13 ‹‹İman ettim, bu nedenle konuştum›› diye yazılmıştır. Aynı iman ruhuna sahip olarak biz de iman ediyor ve bu nedenle konuşuyoruz.

14 Çünkü Rab İsayı dirilten Tanrının, bizi de İsayla diriltip sizinle birlikte kendi önüne çıkaracağını biliyoruz.

15 Bütün bunlar sizin yararınızadır. Böylelikle Tanrının lütfu çoğalıp daha çok insana ulaştıkça, Tanrının yüceliği için şükran da artsın.

16 Bu nedenle cesaretimizi yitirmeyiz. Her ne kadar dış varlığımız harap oluyorsa da, iç varlığımız günden güne yenileniyor.

17 Çünkü geçici, hafif sıkıntılarımız bize, ağırlıkta hiçbir şeyle karşılaştırılamayacak kadar büyük, sonsuz bir yücelik kazandırmaktadır.

18 Gözlerimizi görünen şeylere değil, görünmeyenlere çeviriyoruz. Çünkü görünenler geçicidir, görünmeyenlerse sonsuza dek kalıcıdır.

1 Todėl, suprasdami, kad turime šį tarnavimą iš gailestingumo, mes nepailstame.

2 Atsisakę slaptų begėdysčių, nesileidžiame į gudravimus ir nekraipome Dievo žodžio, bet, atskleisdami tiesą, prisistatome kiekvieno žmogaus sąžinei Dievo akivaizdoje.

3 O jeigu Evangelija yra paslėpta, tai ji paslėpta žūstantiems,

4 kuriems šio amžiaus dievas apakino protus; netikintiems, kad jiems nesušvistų Kristaus, kuris yra Dievo atvaizdas, šlovės Evangelijos šviesa.

5 Mes ne save pačius skelbiame, bet Kristų Jėzų kaip Viešpatį, o mes­jūsų tarnai dėl Jėzaus.

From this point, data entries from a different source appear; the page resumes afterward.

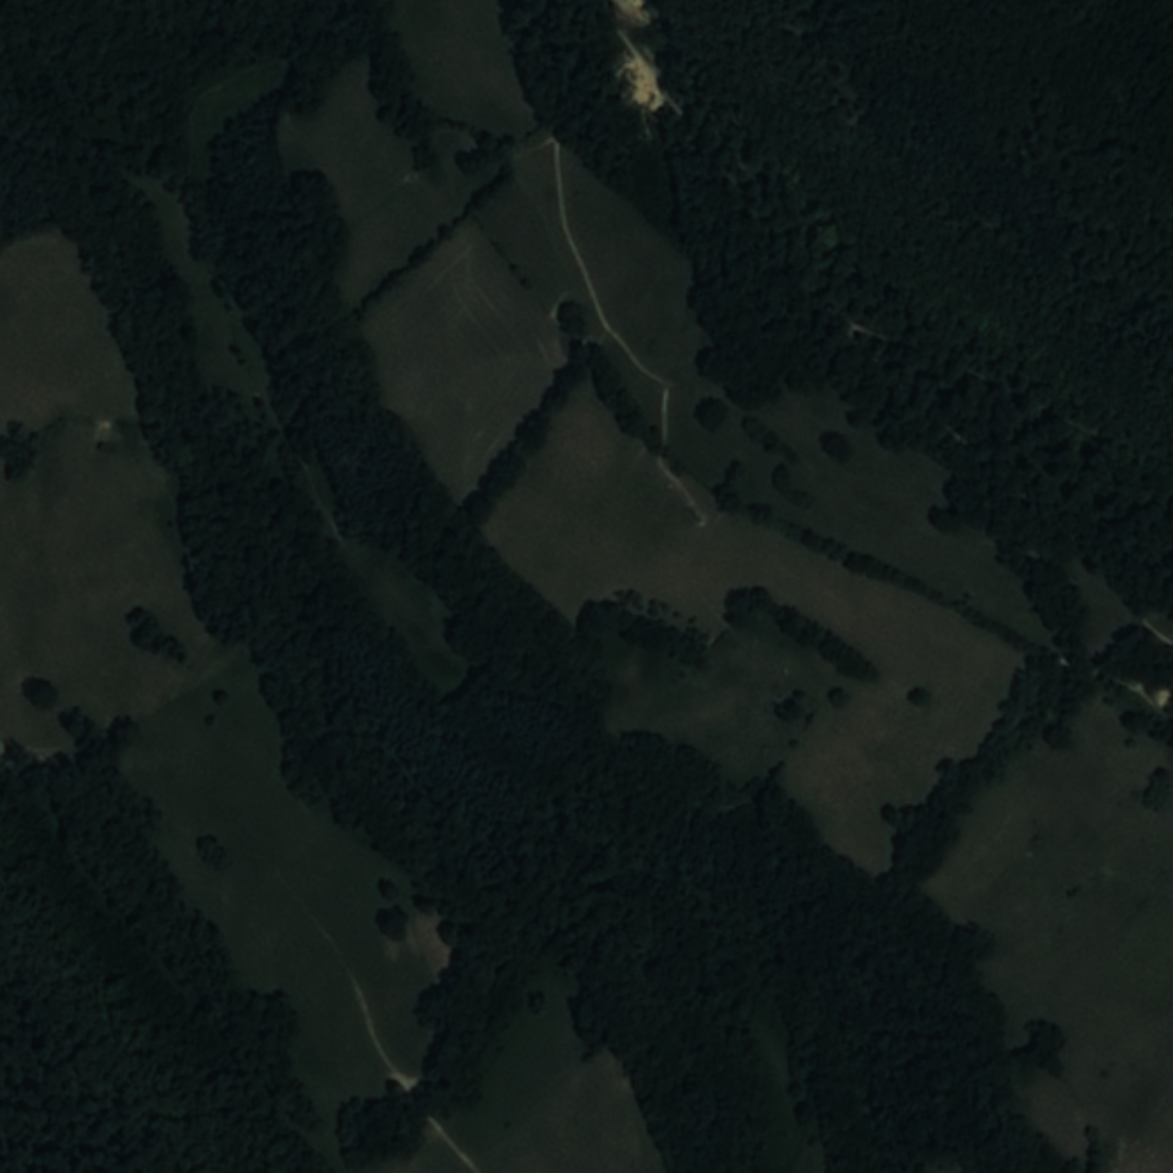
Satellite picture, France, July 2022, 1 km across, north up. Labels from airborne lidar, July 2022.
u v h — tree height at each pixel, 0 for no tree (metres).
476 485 0
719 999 32
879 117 14
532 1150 0
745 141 12
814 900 19
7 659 0
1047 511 24
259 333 26
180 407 30
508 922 30
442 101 0
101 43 21
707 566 0
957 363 31
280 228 28
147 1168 30
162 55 28
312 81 21
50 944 13
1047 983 0
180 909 25
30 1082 7
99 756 22
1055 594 16
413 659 16
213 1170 22
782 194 27
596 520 0
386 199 0
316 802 15
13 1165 29
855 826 0
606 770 30
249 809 0
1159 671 20
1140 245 28
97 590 0
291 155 0
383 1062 0
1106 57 14
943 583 0
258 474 24
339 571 18
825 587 0
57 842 7
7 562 0
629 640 26
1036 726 8
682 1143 23
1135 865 0
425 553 22
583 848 26
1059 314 17
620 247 0
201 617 19
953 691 0
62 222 21
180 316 8
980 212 17
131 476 0
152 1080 19
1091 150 19
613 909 29
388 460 29
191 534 27
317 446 26
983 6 16
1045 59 15
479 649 28
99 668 0
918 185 16
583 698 27
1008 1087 16
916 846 23
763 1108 15
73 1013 22
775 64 17
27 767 23
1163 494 33
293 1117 17
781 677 0
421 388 0
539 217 0
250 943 0
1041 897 0
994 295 13
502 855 28
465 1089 24
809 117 15
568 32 27
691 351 0
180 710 0
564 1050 0
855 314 30
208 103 0
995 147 15
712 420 23
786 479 9
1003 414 26
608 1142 0
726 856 17
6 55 26
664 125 22
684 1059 31
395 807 26
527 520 0
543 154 0
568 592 0
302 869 0
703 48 20
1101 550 21
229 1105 24
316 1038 0
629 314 0
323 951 0
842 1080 25
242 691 0
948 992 27
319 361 24
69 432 0
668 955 30
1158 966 0
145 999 10
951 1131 24
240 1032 31
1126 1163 0
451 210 0
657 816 25
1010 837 0
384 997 0
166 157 20
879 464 0
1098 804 0
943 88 18
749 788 7
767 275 20
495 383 0
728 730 0
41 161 32
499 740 21
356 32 25
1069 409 26
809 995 21
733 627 15
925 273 23
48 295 0
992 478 21
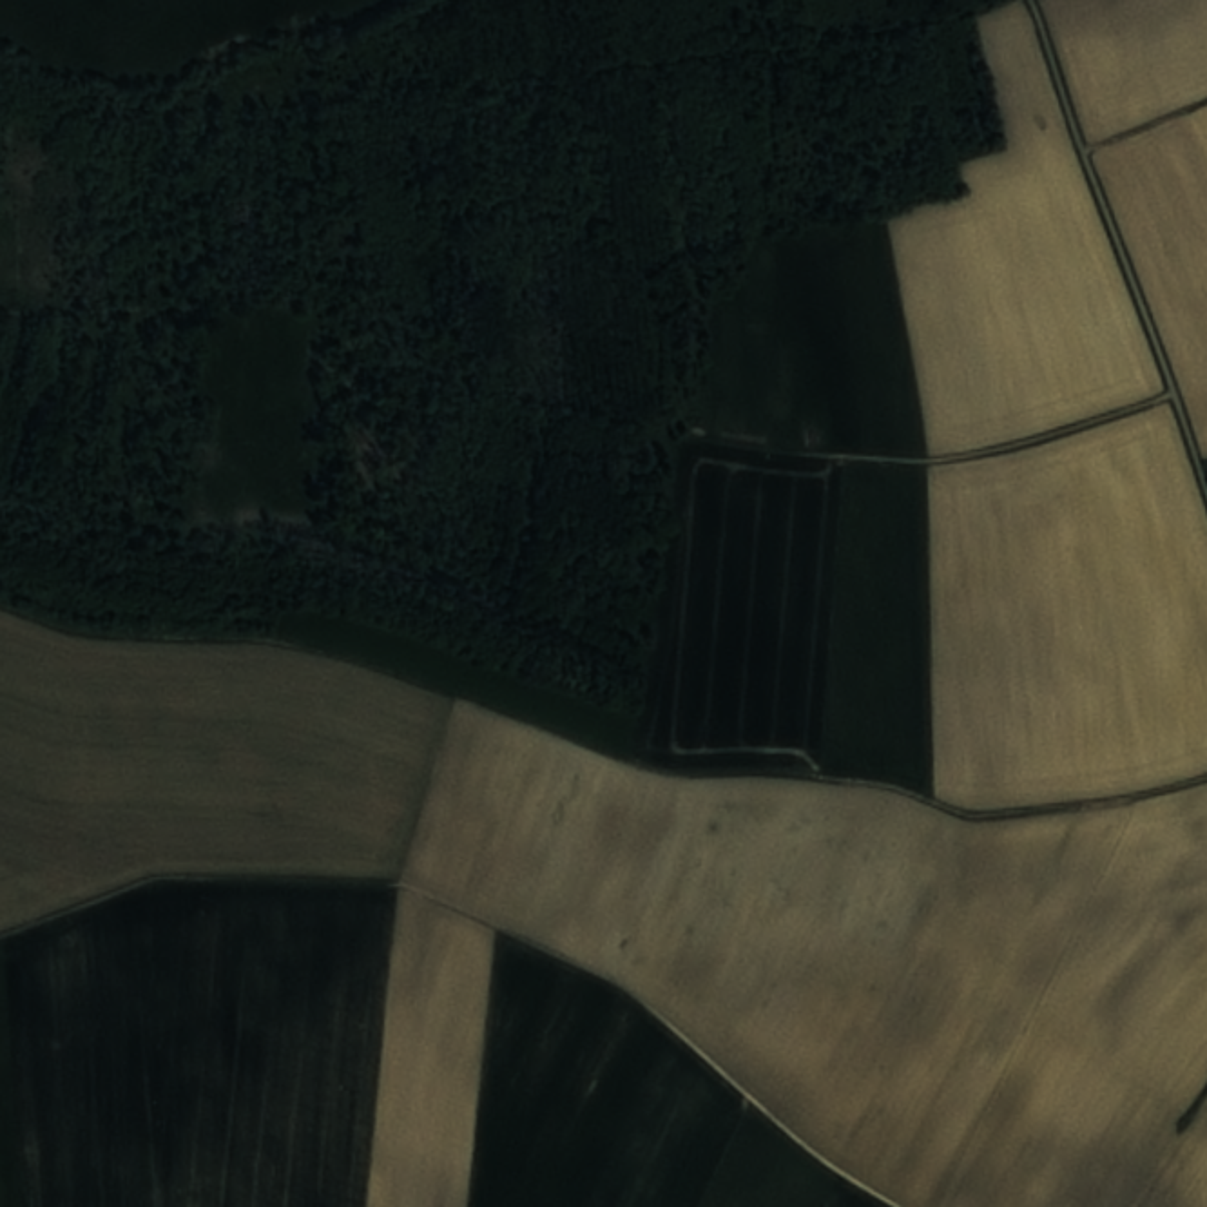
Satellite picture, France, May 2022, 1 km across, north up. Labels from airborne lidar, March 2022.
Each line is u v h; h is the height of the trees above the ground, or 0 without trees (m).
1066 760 0
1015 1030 0
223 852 0
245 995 0
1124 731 0
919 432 0
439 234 11
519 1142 0
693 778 0
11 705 0
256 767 0
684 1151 0
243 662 0
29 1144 0
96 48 0
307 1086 0
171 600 9
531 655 14
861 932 0
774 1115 0
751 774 0
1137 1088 0
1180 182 0
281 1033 0
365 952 0
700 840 0
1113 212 0
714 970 0
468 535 16
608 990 0
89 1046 0
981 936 0
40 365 22
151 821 0
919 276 0
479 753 0
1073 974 0
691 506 0
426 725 0
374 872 0
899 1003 0
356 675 0
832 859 0
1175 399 0
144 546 20
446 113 20
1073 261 0
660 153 17
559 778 0
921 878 0
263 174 26
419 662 0
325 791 0
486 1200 0
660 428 0
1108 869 0
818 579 0
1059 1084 0
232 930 0
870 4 0
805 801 0
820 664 0
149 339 24
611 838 0
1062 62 0
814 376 0
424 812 0
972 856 0
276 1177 0
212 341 0
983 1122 0
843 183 21
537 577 25
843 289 0
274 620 6
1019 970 0
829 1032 0
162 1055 0
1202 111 0
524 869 0
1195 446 0
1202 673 0
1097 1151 0
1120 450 0
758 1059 0
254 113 23
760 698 0
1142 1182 0
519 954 0
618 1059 0
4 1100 0
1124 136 0
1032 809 0
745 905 0
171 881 0
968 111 6
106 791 0
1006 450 0
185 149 23
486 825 0
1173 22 0
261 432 0
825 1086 0
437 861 0
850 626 0
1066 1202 0
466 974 0
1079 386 0
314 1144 0
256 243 20
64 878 0
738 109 15
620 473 27
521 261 23
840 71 18
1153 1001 0
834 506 0
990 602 0
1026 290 0
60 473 26
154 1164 0
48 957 0
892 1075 0
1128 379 0
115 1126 0
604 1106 0
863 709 0
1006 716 0
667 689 0
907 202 14
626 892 0
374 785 0
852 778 0
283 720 0
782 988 0
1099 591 0
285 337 0
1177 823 0
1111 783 0
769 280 0
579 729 0
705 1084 0
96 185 20
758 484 0
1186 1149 0
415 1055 0
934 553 0
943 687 0
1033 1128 0
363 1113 0
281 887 0
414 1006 0
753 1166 0
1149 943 0
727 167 15
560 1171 0
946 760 0
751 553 0
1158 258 0
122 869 0
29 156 0
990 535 0
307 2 0
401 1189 0
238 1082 0
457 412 26
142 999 0
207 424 18
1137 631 0
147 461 19
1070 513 0
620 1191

6 Nes tai Dievas, kuris įsakė iš tamsos nušvisti šviesai, sušvito mūsų širdyse, kad suteiktų mums Dievo šlovės pažinimo šviesą Kristaus veide.

7 Bet šitą turtą mes laikome moliniuose induose, kad būtų aišku, jog visa viršijanti jėgos apstybė iš Dievo, o ne iš mūsų.

8 Mes visaip spaudžiami, bet nesugniuždyti; suglumę, bet nenusivylę;

9 persekiojami, bet nepalikti; parblokšti, bet nežuvę.

10 Visada nešiojame savo kūne Viešpaties Jėzaus mirtį, kad ir Jėzaus gyvybė apsireikštų mūsų kūne.

11 Nes mes, gyvieji, dėl Jėzaus nuolat atiduodami mirčiai, kad ir Jėzaus gyvybė apsireikštų mūsų mirtingame kūne.

12 Taigi mumyse veikia mirtis, o jumyse gyvybė.

13 Turėdami tą pačią tikėjimo dvasią, apie kurią parašyta: "Aš įtikėjau, todėl prakalbėjau", mes irgi tikime ir todėl kalbame,

14 žinodami, kad Tas, kuris prikėlė Viešpatį Jėzų, taip pat ir mus prikels per Jėzų ir pastatys kartu su jumis.

15 Nes viskas yra dėl jūsų, kad per daugelį pagausėjusi malonė pagausintų dėkojimą Dievo šlovei.

16 Todėl mes nepailstame. Nors mūsų išorinis žmogus ir nyksta, vidinis diena iš dienos atsinaujina.

17 Mūsų trumpalaikis lengvas sielvartas ruošia mums visa pranokstančią amžinąją šlovę.

18 Tuo tarpu mes nežiūrime į tai, kas regima, bet į tai, kas neregima, nes kas regima, yra laikina, o kas neregima­amžina.